На лобном месте | страница 10



... Самыми любимыми нашими книгами после второй мировой войны, помню, были книги Хеминтуэя "Прощай, оружие" и Ремарка "На западном фронте без перемен". Нас привлекала правда деталей, окопной грязи, от которой мы еще не очистились. Но главное оставалось для нас чужим. В "Возвращении" Ремарка один из героев уходит на поле сражений, где остались его друзья, и -- там стреляется. И живой, он чувствовал себя мертвым.

Мы не были потерянным поколением. Мы жили ощущением победы. Ощущением людей, растоптавших фашизм. Я вспоминаю своих друзей по войне, по университету. Нет, никто не чувствовал себя лишним, опустошенным...

И вдруг в середине шестидесятых годов, спустя двадцать лет после антифашистской войны, зазвучала в Москве песня, известная ныне во всех уголках России -- песня о погибших солдатах, которые поднялись из могил. По звуку трубы поднялись:

"...Если зовет своих мертвых Россия, значит -- беда..."

Поднялись солдаты в крестах и нашивках, и...

"... Смотрим и видим, что вышла ошибка, -- зазвучали тысячи и тысячи магнитофонов в инженерных общежитиях и рабочих бараках, -- вышла ошибка, и мы ни к чему..."

Я помню напряженные, порой ошеломленные молодые лица слушавших песню. И наше, и последующие поколения воспринимали мысли и чувства героев Александра Галича как свои собственные.

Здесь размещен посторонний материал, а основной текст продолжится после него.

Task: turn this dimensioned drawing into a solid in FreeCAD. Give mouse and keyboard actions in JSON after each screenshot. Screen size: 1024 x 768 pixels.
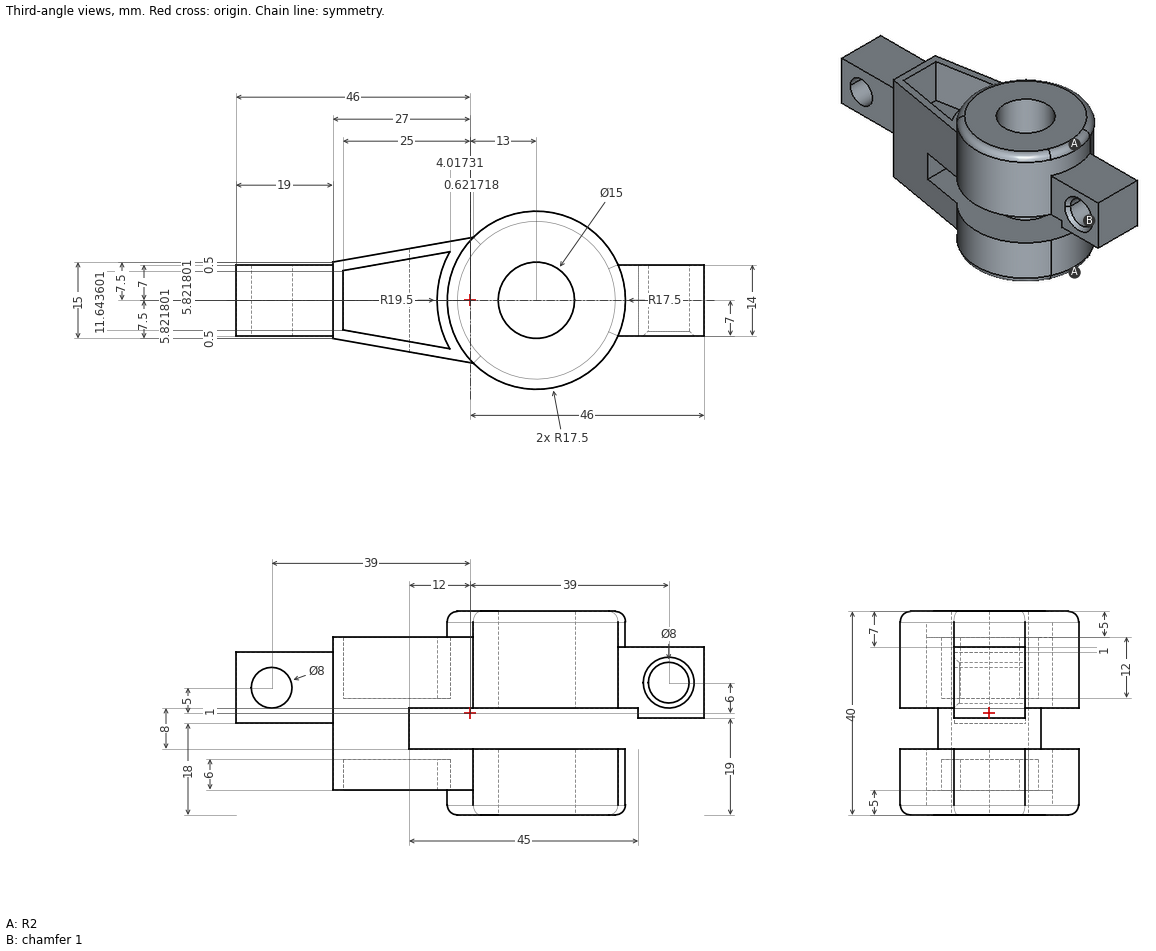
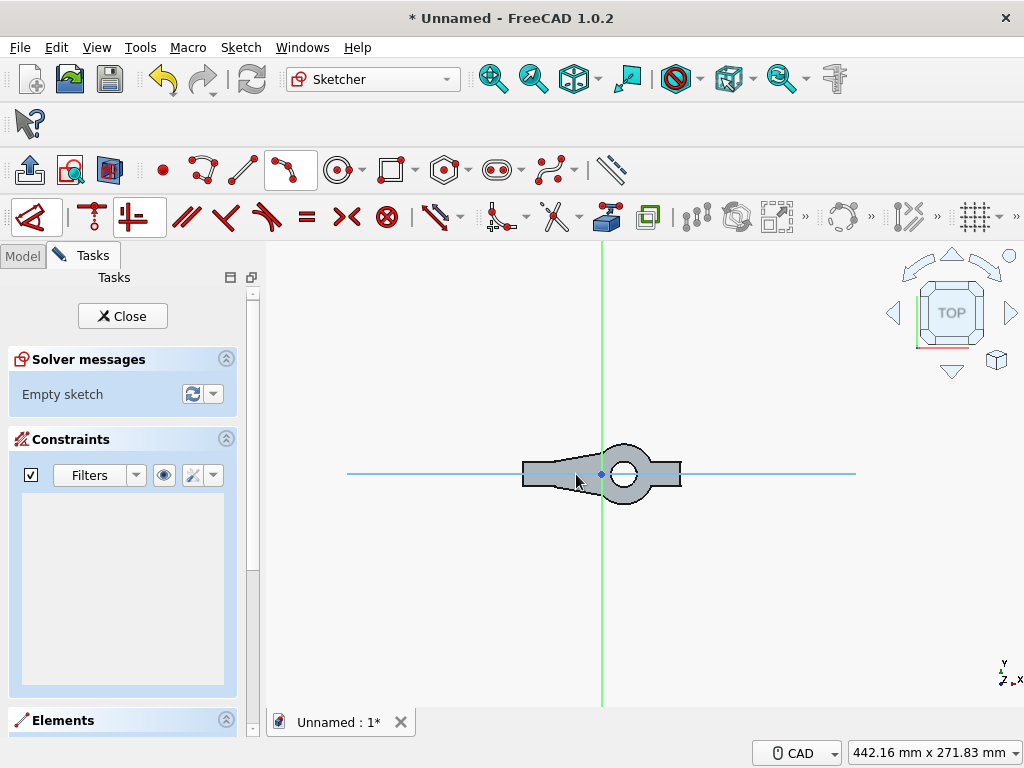
{"action": "scroll", "coordinate": [675, 474], "scroll_direction": "up", "scroll_amount": 12}

Мы стали потерянным поколением?! Мы с ужасом оглянулись. Что же в таком случае произошло с Россией? Почему целые поколения почувствовали себя отброшенными, потерянными?

... Раньше, когда приходилось ездить по Руси, за окнами вагона выше скирд и холмов, станций и городов сияли маковки церквей; кто не замечал их, не провожал взглядом!

Ныне, едешь ли на юг через Харьков или на север к Архангельску, -тянутся к небу выше всего земного смертоносные гиганты, царит над городами серо-сталистый цвет локаторных башен и систем ракетной наводки.

Бог нынешней российской государственности -- ракета с ядерным зарядом. Он поверг XX век в страх, которого не ведала земля за все время своего существования. А в России обострил и обыденный, вековой страх -- перед батогом.

Поэт Николай Глазков, один из затоптанных талантов, писал на излете сталинской эры:

Я за жизнью наблюдаю из-под столика.

Век двадцатый, век необычайный,

Чем он интересней для историка,

Тем для современника -- печальней...

Как бы подтверждением этого загрохотали нескончаемые "локальные" войны: Корея, Вьетнам, лязг советских танков в Венгрии, в Чехословакии, на Голанах и в Синае.